Figure 1. The rack rocket fleet.

To celebrate the April 1 launch at the ranch, I decided to one up myself with the MonsterRack, which consists of 24 E12-0 engines in a stack. See Figure 2, showing the MonsterRack prepped and ready to fly leaning against my shed.

Figure 2. The MonsterRack.

A difficulty I am having is that RocSym simulations of the flight characteristics indicates a maximum altitude of 0. With that many engines, you would think that it would at least get off the ground. Looks like I will need to add a couple of M class boosters to get it moving.

Without the boosters, one thing that it makes easier is recovery and cleanup.
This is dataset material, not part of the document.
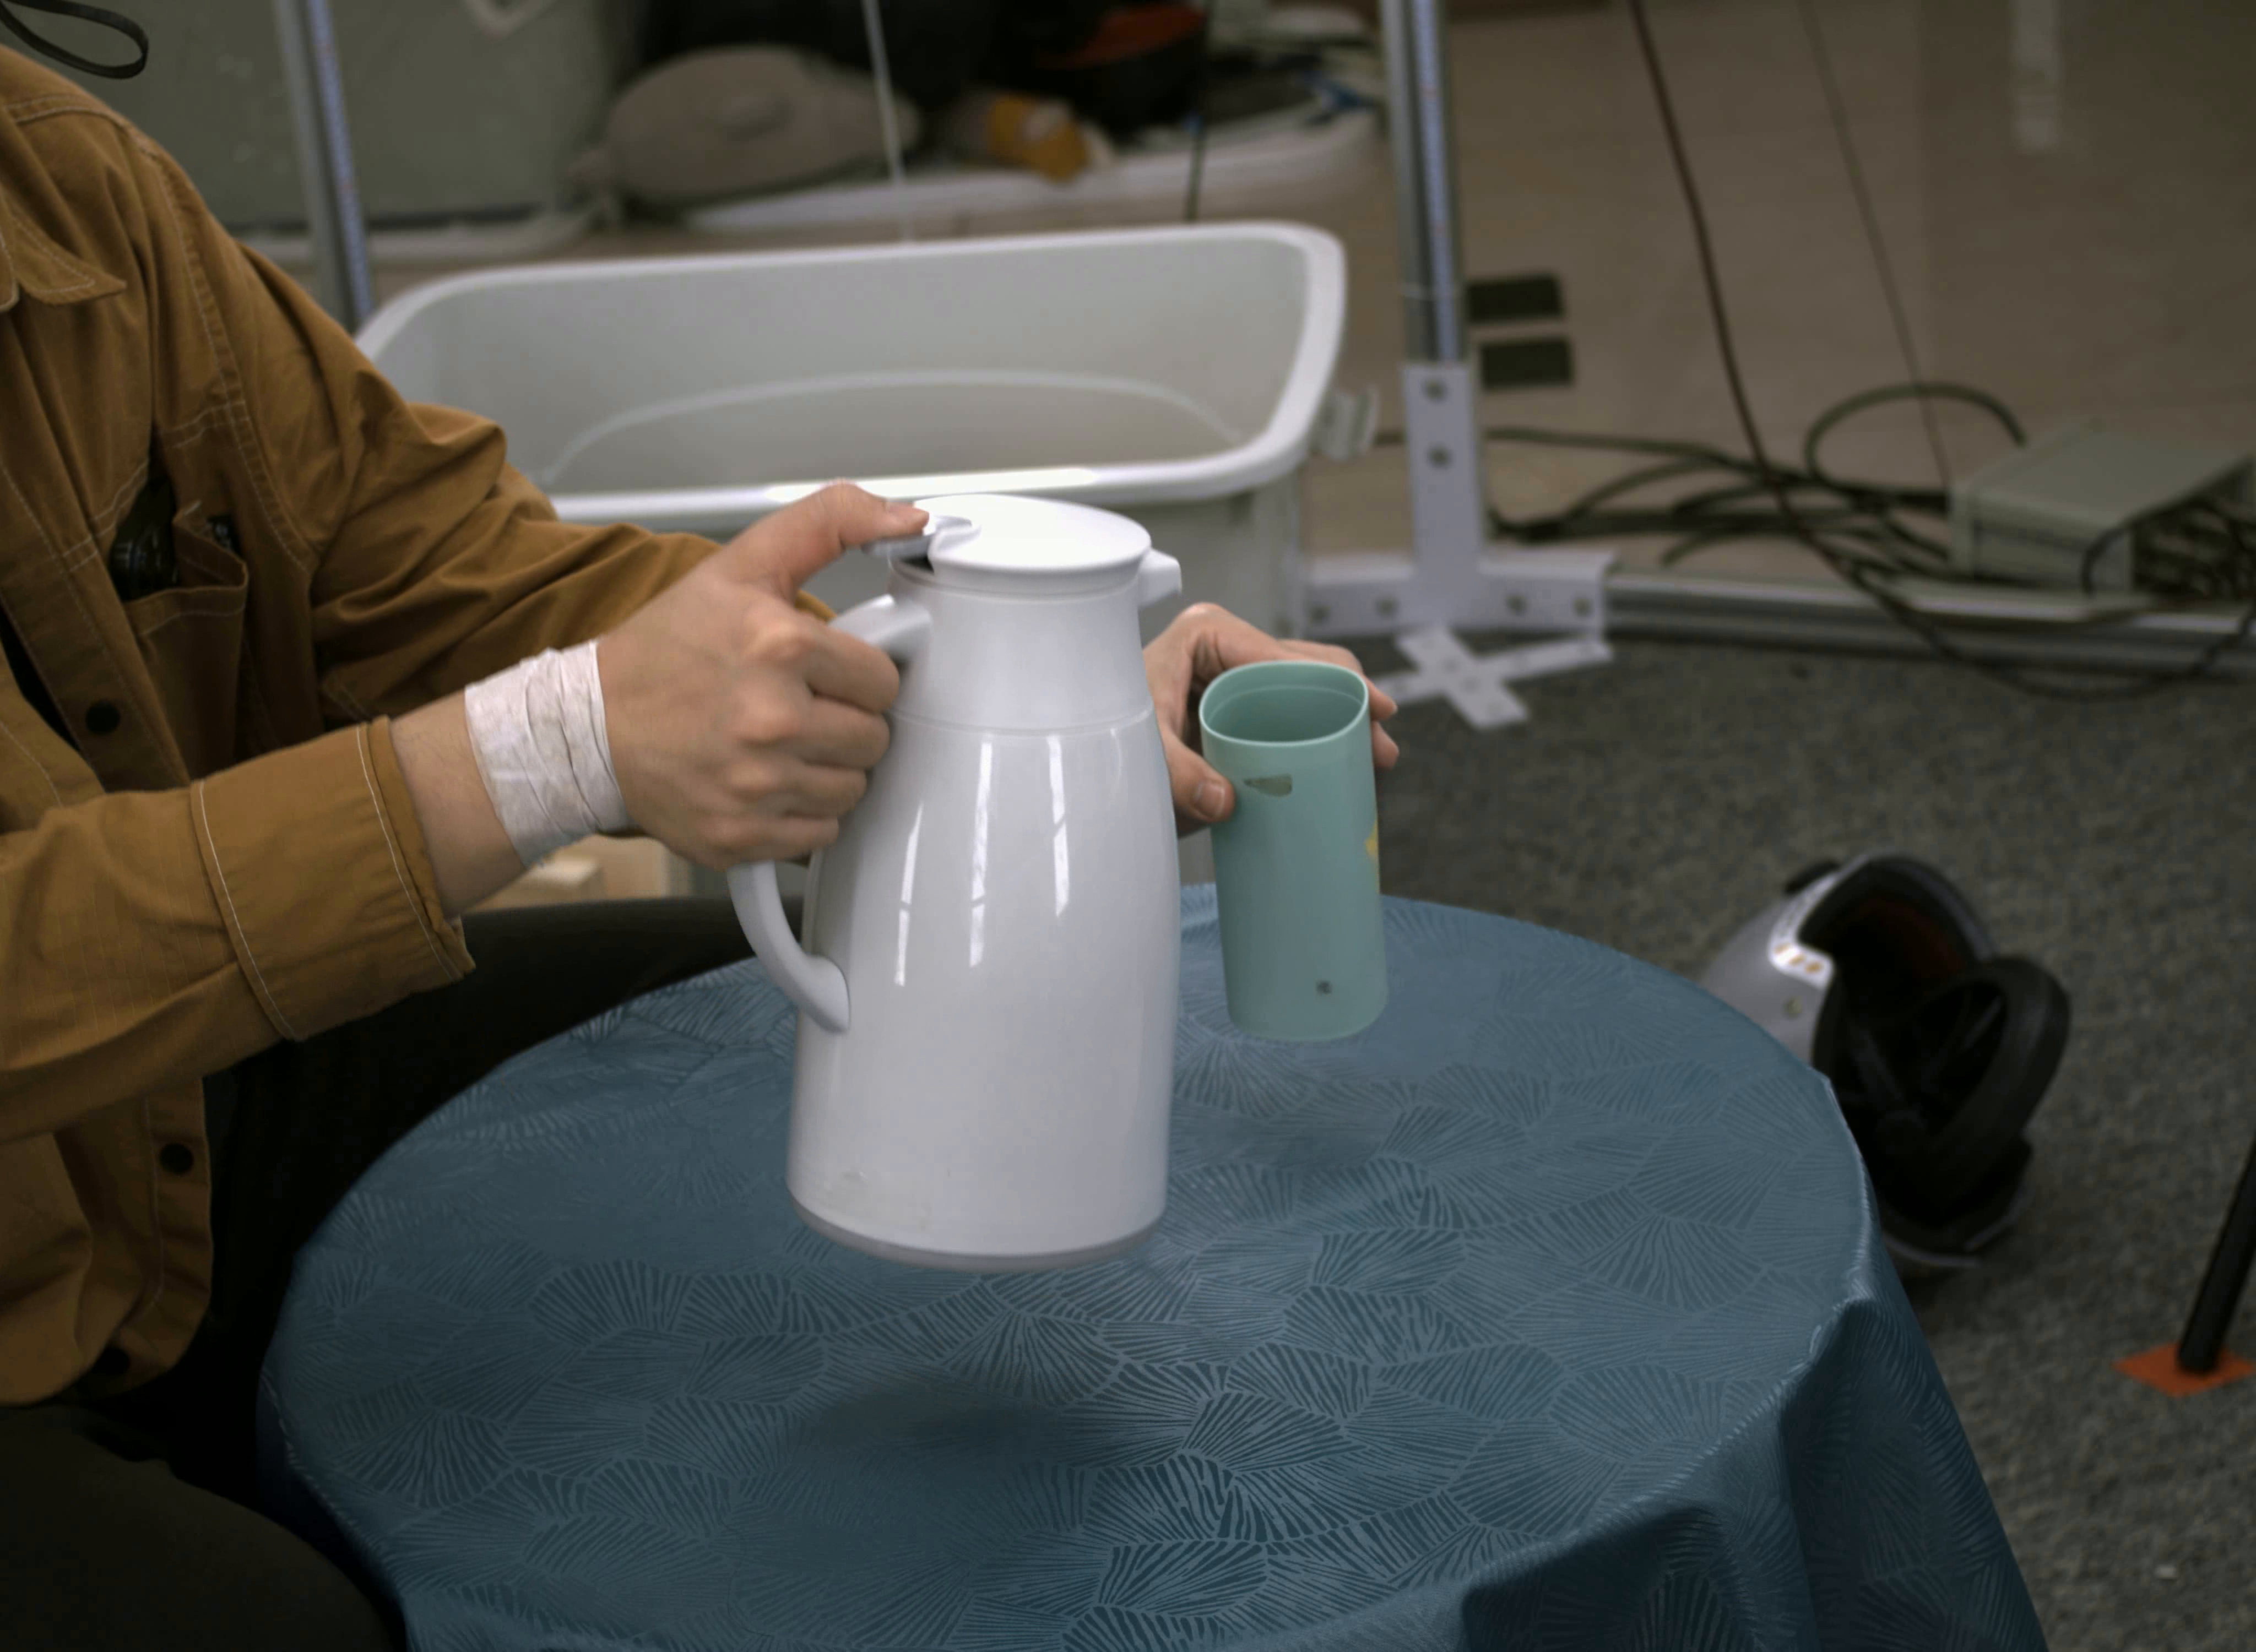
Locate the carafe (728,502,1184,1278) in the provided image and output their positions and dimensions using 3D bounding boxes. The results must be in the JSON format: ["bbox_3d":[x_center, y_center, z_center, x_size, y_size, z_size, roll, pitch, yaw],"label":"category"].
[{"bbox_3d":[-0.059,0.018,1.914,0.167,0.252,0.131,-10,23,-33],"label":"carafe"}]

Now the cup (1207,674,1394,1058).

I don’t need a parachute or streamer as the rocket will still be sitting on the launch rod after all the engines are burned and sitting in a nice little (big) pile at the bottom. We will need a thicker blast deflector as 24 engines will likely melt our existing ones plus a wheel barrow to haul away all the burned cores.

In my plans for future launches is the Level-3Rack with four M1850 engines in a stack. See figure 3.

Figure 3. The Level-3Rack with 4 M1850 engines.

It sims to 200,000 feet and will be a little expensive to fly as it is ejecting M class engine casings as if they were single use engines. Anyone who wants a free engine casing only has to catch one on the way down.

Finally there is the AackAackRack, on the theme of Mars Attacks ™ . See Figure 4.

Figure 4. The AackAackRack Rocket.

Go Racks!!!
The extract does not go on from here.